GOAL OF THE EXERCISE =
Below is a block of entries, which should be copied verbatim apart from the pictures.

Source data
---
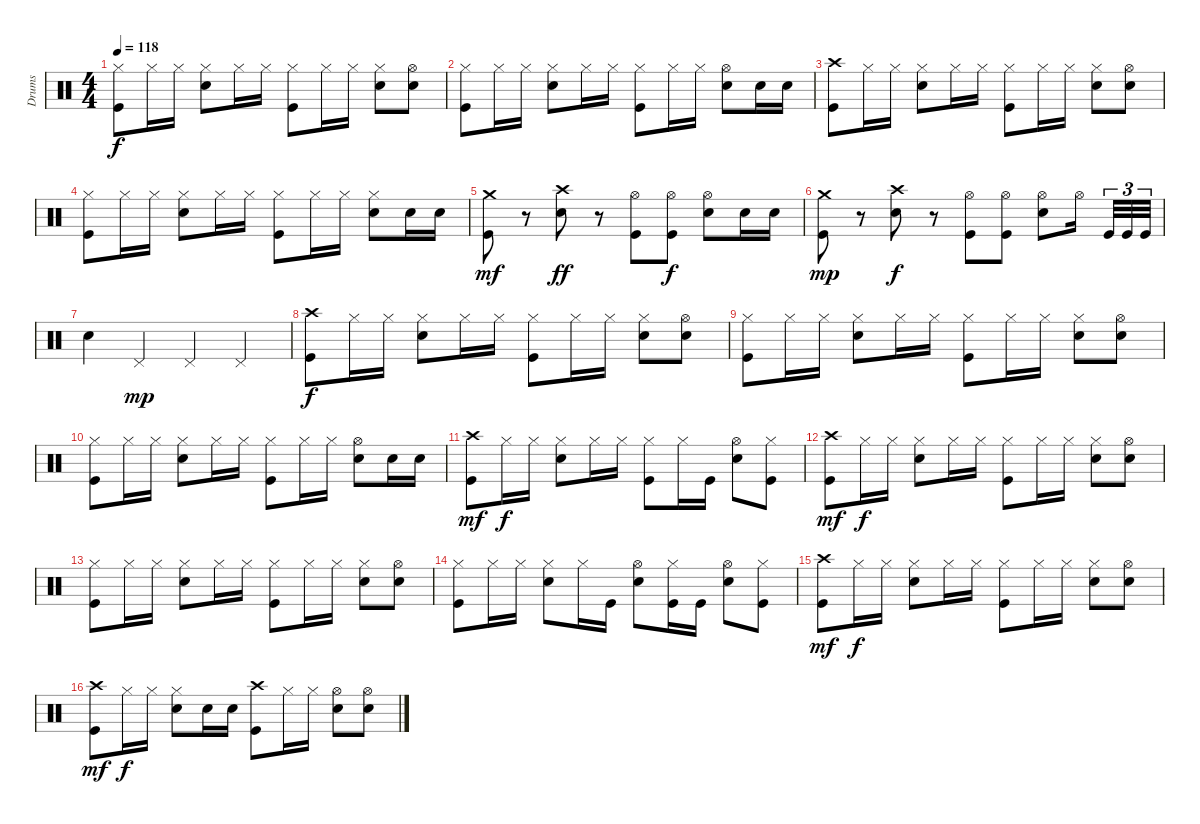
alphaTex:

\track ("Drums" "Drums") {instrument percussion}
\staff {score}
\articulation defaults
\ts (4 4)
\tempo 118
\clef neutral
\ks c
("Hi-Hat (closed)" "Kick (hit)").8{dy f} "Hi-Hat (closed)".16 "Hi-Hat (closed)".16 ("Hi-Hat (closed)" "Snare (hit) 2").8 "Hi-Hat (closed)".16 "Hi-Hat (closed)".16 ("Hi-Hat (closed)" "Kick (hit)").8 "Hi-Hat (closed)".16 "Hi-Hat (closed)".16 ("Hi-Hat (closed)" "Snare (hit) 2").8 ("Hi-Hat (open)" "Snare (hit) 2").8 |
("Hi-Hat (closed)" "Kick (hit)").8 "Hi-Hat (closed)".16 "Hi-Hat (closed)".16 ("Hi-Hat (closed)" "Snare (hit) 2").8 "Hi-Hat (closed)".16 "Hi-Hat (closed)".16 ("Hi-Hat (closed)" "Kick (hit)").8 "Hi-Hat (closed)".16 "Hi-Hat (closed)".16 ("Hi-Hat (open)" "Snare (hit) 2").8 "Snare (hit) 2".16 "Snare (hit) 2".16 |
("Crash high (hit)" "Kick (hit)").8 "Hi-Hat (closed)".16 "Hi-Hat (closed)".16 ("Hi-Hat (closed)" "Snare (hit) 2").8 "Hi-Hat (closed)".16 "Hi-Hat (closed)".16 ("Hi-Hat (closed)" "Kick (hit)").8 "Hi-Hat (closed)".16 "Hi-Hat (closed)".16 ("Hi-Hat (closed)" "Snare (hit) 2").8 ("Hi-Hat (open)" "Snare (hit) 2").8 |
("Hi-Hat (closed)" "Kick (hit)").8 "Hi-Hat (closed)".16 "Hi-Hat (closed)".16 ("Hi-Hat (closed)" "Snare (hit) 2").8 "Hi-Hat (closed)".16 "Hi-Hat (closed)".16 ("Hi-Hat (closed)" "Kick (hit)").8 "Hi-Hat (closed)".16 "Hi-Hat (closed)".16 ("Hi-Hat (closed)" "Snare (hit) 2").8 "Snare (hit) 2".16 "Snare (hit) 2".16 |
("Crash medium (hit)" "Kick (hit)").8{dy mf} r.8 ("Crash high (hit)" "Snare (hit) 2").8{dy ff} r.8 ("Hi-Hat (open)" "Kick (hit)").8 ("Hi-Hat (open)" "Kick (hit)").8{dy f} ("Hi-Hat (open)" "Snare (hit) 2").8 "Snare (hit) 2".16 "Snare (hit) 2".16 |
("Crash medium (hit)" "Kick (hit)").8{dy mp} r.8 ("Crash high (hit)" "Snare (hit) 2").8{dy f} r.8 ("Hi-Hat (open)" "Kick (hit)").8 ("Hi-Hat (open)" "Kick (hit)").8 ("Hi-Hat (open)" "Snare (hit) 2").8 "Hi-Hat (open)".16 "Kick (hit)".32{tu (3 2)} "Kick (hit)".32{tu (3 2)} "Kick (hit)".32{tu (3 2)} |
"Snare (hit) 2".4 "Pedal Hi-Hat (hit)".4{dy mp} "Pedal Hi-Hat (hit)".4 "Pedal Hi-Hat (hit)".4 |
("Crash high (hit)" "Kick (hit)").8{dy f} "Hi-Hat (closed)".16 "Hi-Hat (closed)".16 ("Hi-Hat (closed)" "Snare (hit) 2").8 "Hi-Hat (closed)".16 "Hi-Hat (closed)".16 ("Hi-Hat (closed)" "Kick (hit)").8 "Hi-Hat (closed)".16 "Hi-Hat (closed)".16 ("Hi-Hat (closed)" "Snare (hit) 2").8 ("Hi-Hat (open)" "Snare (hit) 2").8 |
("Hi-Hat (closed)" "Kick (hit)").8 "Hi-Hat (closed)".16 "Hi-Hat (closed)".16 ("Hi-Hat (closed)" "Snare (hit) 2").8 "Hi-Hat (closed)".16 "Hi-Hat (closed)".16 ("Hi-Hat (closed)" "Kick (hit)").8 "Hi-Hat (closed)".16 "Hi-Hat (closed)".16 ("Hi-Hat (closed)" "Snare (hit) 2").8 ("Hi-Hat (open)" "Snare (hit) 2").8 |
("Hi-Hat (closed)" "Kick (hit)").8 "Hi-Hat (closed)".16 "Hi-Hat (closed)".16 ("Hi-Hat (closed)" "Snare (hit) 2").8 "Hi-Hat (closed)".16 "Hi-Hat (closed)".16 ("Hi-Hat (closed)" "Kick (hit)").8 "Hi-Hat (closed)".16 "Hi-Hat (closed)".16 ("Hi-Hat (open)" "Snare (hit) 2").8 "Snare (hit) 2".16 "Snare (hit) 2".16 |
("Crash high (hit)" "Kick (hit)").8{dy mf} "Hi-Hat (closed)".16{dy f} "Hi-Hat (closed)".16 ("Hi-Hat (closed)" "Snare (hit) 2").8 "Hi-Hat (closed)".16 "Hi-Hat (closed)".16 ("Hi-Hat (closed)" "Kick (hit)").8 "Hi-Hat (closed)".16 "Kick (hit)".16 ("Hi-Hat (open)" "Snare (hit) 2").8 ("Hi-Hat (closed)" "Kick (hit)").8 |
("Crash high (hit)" "Kick (hit)").8{dy mf} "Hi-Hat (closed)".16{dy f} "Hi-Hat (closed)".16 ("Hi-Hat (closed)" "Snare (hit) 2").8 "Hi-Hat (closed)".16 "Hi-Hat (closed)".16 ("Hi-Hat (closed)" "Kick (hit)").8 "Hi-Hat (closed)".16 "Hi-Hat (closed)".16 ("Hi-Hat (closed)" "Snare (hit) 2").8 ("Hi-Hat (open)" "Snare (hit) 2").8 |
("Hi-Hat (closed)" "Kick (hit)").8 "Hi-Hat (closed)".16 "Hi-Hat (closed)".16 ("Hi-Hat (closed)" "Snare (hit) 2").8 "Hi-Hat (closed)".16 "Hi-Hat (closed)".16 ("Hi-Hat (closed)" "Kick (hit)").8 "Hi-Hat (closed)".16 "Hi-Hat (closed)".16 ("Hi-Hat (closed)" "Snare (hit) 2").8 ("Hi-Hat (open)" "Snare (hit) 2").8 |
("Hi-Hat (closed)" "Kick (hit)").8 "Hi-Hat (closed)".16 "Hi-Hat (closed)".16 ("Hi-Hat (closed)" "Snare (hit) 2").8 "Hi-Hat (closed)".16 "Kick (hit)".16 ("Hi-Hat (open)" "Snare (hit) 2").8 ("Hi-Hat (closed)" "Kick (hit)").16 "Kick (hit)".16 ("Hi-Hat (open)" "Snare (hit) 2").8 ("Hi-Hat (closed)" "Kick (hit)").8 |
("Crash high (hit)" "Kick (hit)").8{dy mf} "Hi-Hat (closed)".16{dy f} "Hi-Hat (closed)".16 ("Hi-Hat (closed)" "Snare (hit) 2").8 "Hi-Hat (closed)".16 "Hi-Hat (closed)".16 ("Hi-Hat (closed)" "Kick (hit)").8 "Hi-Hat (closed)".16 "Hi-Hat (closed)".16 ("Hi-Hat (closed)" "Snare (hit) 2").8 ("Hi-Hat (open)" "Snare (hit) 2").8 |
("Crash high (hit)" "Kick (hit)").8{dy mf} "Hi-Hat (closed)".16{dy f} "Hi-Hat (closed)".16 ("Hi-Hat (closed)" "Snare (hit) 2").8 "Snare (hit) 2".16 "Snare (hit) 2".16 ("Crash high (hit)" "Kick (hit)").8 "Hi-Hat (closed)".16 "Hi-Hat (closed)".16 ("Hi-Hat (open)" "Snare (hit) 2").8 ("Hi-Hat (open)" "Snare (hit) 2").8
---
TASK RESPONSE =
alphaTex:

\track ("Drums" "Drums") {instrument percussion}
\staff {score}
\articulation defaults
\ts (4 4)
\tempo 118
\clef neutral
\ks c
("Hi-Hat (closed)" "Kick (hit)").8{dy f} "Hi-Hat (closed)".16 "Hi-Hat (closed)".16 ("Hi-Hat (closed)" "Snare (hit) 2").8 "Hi-Hat (closed)".16 "Hi-Hat (closed)".16 ("Hi-Hat (closed)" "Kick (hit)").8 "Hi-Hat (closed)".16 "Hi-Hat (closed)".16 ("Hi-Hat (closed)" "Snare (hit) 2").8 ("Hi-Hat (open)" "Snare (hit) 2").8 |
("Hi-Hat (closed)" "Kick (hit)").8 "Hi-Hat (closed)".16 "Hi-Hat (closed)".16 ("Hi-Hat (closed)" "Snare (hit) 2").8 "Hi-Hat (closed)".16 "Hi-Hat (closed)".16 ("Hi-Hat (closed)" "Kick (hit)").8 "Hi-Hat (closed)".16 "Hi-Hat (closed)".16 ("Hi-Hat (open)" "Snare (hit) 2").8 "Snare (hit) 2".16 "Snare (hit) 2".16 |
("Crash high (hit)" "Kick (hit)").8 "Hi-Hat (closed)".16 "Hi-Hat (closed)".16 ("Hi-Hat (closed)" "Snare (hit) 2").8 "Hi-Hat (closed)".16 "Hi-Hat (closed)".16 ("Hi-Hat (closed)" "Kick (hit)").8 "Hi-Hat (closed)".16 "Hi-Hat (closed)".16 ("Hi-Hat (closed)" "Snare (hit) 2").8 ("Hi-Hat (open)" "Snare (hit) 2").8 |
("Hi-Hat (closed)" "Kick (hit)").8 "Hi-Hat (closed)".16 "Hi-Hat (closed)".16 ("Hi-Hat (closed)" "Snare (hit) 2").8 "Hi-Hat (closed)".16 "Hi-Hat (closed)".16 ("Hi-Hat (closed)" "Kick (hit)").8 "Hi-Hat (closed)".16 "Hi-Hat (closed)".16 ("Hi-Hat (closed)" "Snare (hit) 2").8 "Snare (hit) 2".16 "Snare (hit) 2".16 |
("Crash medium (hit)" "Kick (hit)").8{dy mf} r.8 ("Crash high (hit)" "Snare (hit) 2").8{dy ff} r.8 ("Hi-Hat (open)" "Kick (hit)").8 ("Hi-Hat (open)" "Kick (hit)").8{dy f} ("Hi-Hat (open)" "Snare (hit) 2").8 "Snare (hit) 2".16 "Snare (hit) 2".16 |
("Crash medium (hit)" "Kick (hit)").8{dy mp} r.8 ("Crash high (hit)" "Snare (hit) 2").8{dy f} r.8 ("Hi-Hat (open)" "Kick (hit)").8 ("Hi-Hat (open)" "Kick (hit)").8 ("Hi-Hat (open)" "Snare (hit) 2").8 "Hi-Hat (open)".16 "Kick (hit)".32{tu (3 2)} "Kick (hit)".32{tu (3 2)} "Kick (hit)".32{tu (3 2)} |
"Snare (hit) 2".4 "Pedal Hi-Hat (hit)".4{dy mp} "Pedal Hi-Hat (hit)".4 "Pedal Hi-Hat (hit)".4 |
("Crash high (hit)" "Kick (hit)").8{dy f} "Hi-Hat (closed)".16 "Hi-Hat (closed)".16 ("Hi-Hat (closed)" "Snare (hit) 2").8 "Hi-Hat (closed)".16 "Hi-Hat (closed)".16 ("Hi-Hat (closed)" "Kick (hit)").8 "Hi-Hat (closed)".16 "Hi-Hat (closed)".16 ("Hi-Hat (closed)" "Snare (hit) 2").8 ("Hi-Hat (open)" "Snare (hit) 2").8 |
("Hi-Hat (closed)" "Kick (hit)").8 "Hi-Hat (closed)".16 "Hi-Hat (closed)".16 ("Hi-Hat (closed)" "Snare (hit) 2").8 "Hi-Hat (closed)".16 "Hi-Hat (closed)".16 ("Hi-Hat (closed)" "Kick (hit)").8 "Hi-Hat (closed)".16 "Hi-Hat (closed)".16 ("Hi-Hat (closed)" "Snare (hit) 2").8 ("Hi-Hat (open)" "Snare (hit) 2").8 |
("Hi-Hat (closed)" "Kick (hit)").8 "Hi-Hat (closed)".16 "Hi-Hat (closed)".16 ("Hi-Hat (closed)" "Snare (hit) 2").8 "Hi-Hat (closed)".16 "Hi-Hat (closed)".16 ("Hi-Hat (closed)" "Kick (hit)").8 "Hi-Hat (closed)".16 "Hi-Hat (closed)".16 ("Hi-Hat (open)" "Snare (hit) 2").8 "Snare (hit) 2".16 "Snare (hit) 2".16 |
("Crash high (hit)" "Kick (hit)").8{dy mf} "Hi-Hat (closed)".16{dy f} "Hi-Hat (closed)".16 ("Hi-Hat (closed)" "Snare (hit) 2").8 "Hi-Hat (closed)".16 "Hi-Hat (closed)".16 ("Hi-Hat (closed)" "Kick (hit)").8 "Hi-Hat (closed)".16 "Kick (hit)".16 ("Hi-Hat (open)" "Snare (hit) 2").8 ("Hi-Hat (closed)" "Kick (hit)").8 |
("Crash high (hit)" "Kick (hit)").8{dy mf} "Hi-Hat (closed)".16{dy f} "Hi-Hat (closed)".16 ("Hi-Hat (closed)" "Snare (hit) 2").8 "Hi-Hat (closed)".16 "Hi-Hat (closed)".16 ("Hi-Hat (closed)" "Kick (hit)").8 "Hi-Hat (closed)".16 "Hi-Hat (closed)".16 ("Hi-Hat (closed)" "Snare (hit) 2").8 ("Hi-Hat (open)" "Snare (hit) 2").8 |
("Hi-Hat (closed)" "Kick (hit)").8 "Hi-Hat (closed)".16 "Hi-Hat (closed)".16 ("Hi-Hat (closed)" "Snare (hit) 2").8 "Hi-Hat (closed)".16 "Hi-Hat (closed)".16 ("Hi-Hat (closed)" "Kick (hit)").8 "Hi-Hat (closed)".16 "Hi-Hat (closed)".16 ("Hi-Hat (closed)" "Snare (hit) 2").8 ("Hi-Hat (open)" "Snare (hit) 2").8 |
("Hi-Hat (closed)" "Kick (hit)").8 "Hi-Hat (closed)".16 "Hi-Hat (closed)".16 ("Hi-Hat (closed)" "Snare (hit) 2").8 "Hi-Hat (closed)".16 "Kick (hit)".16 ("Hi-Hat (open)" "Snare (hit) 2").8 ("Hi-Hat (closed)" "Kick (hit)").16 "Kick (hit)".16 ("Hi-Hat (open)" "Snare (hit) 2").8 ("Hi-Hat (closed)" "Kick (hit)").8 |
("Crash high (hit)" "Kick (hit)").8{dy mf} "Hi-Hat (closed)".16{dy f} "Hi-Hat (closed)".16 ("Hi-Hat (closed)" "Snare (hit) 2").8 "Hi-Hat (closed)".16 "Hi-Hat (closed)".16 ("Hi-Hat (closed)" "Kick (hit)").8 "Hi-Hat (closed)".16 "Hi-Hat (closed)".16 ("Hi-Hat (closed)" "Snare (hit) 2").8 ("Hi-Hat (open)" "Snare (hit) 2").8 |
("Crash high (hit)" "Kick (hit)").8{dy mf} "Hi-Hat (closed)".16{dy f} "Hi-Hat (closed)".16 ("Hi-Hat (closed)" "Snare (hit) 2").8 "Snare (hit) 2".16 "Snare (hit) 2".16 ("Crash high (hit)" "Kick (hit)").8 "Hi-Hat (closed)".16 "Hi-Hat (closed)".16 ("Hi-Hat (open)" "Snare (hit) 2").8 ("Hi-Hat (open)" "Snare (hit) 2").8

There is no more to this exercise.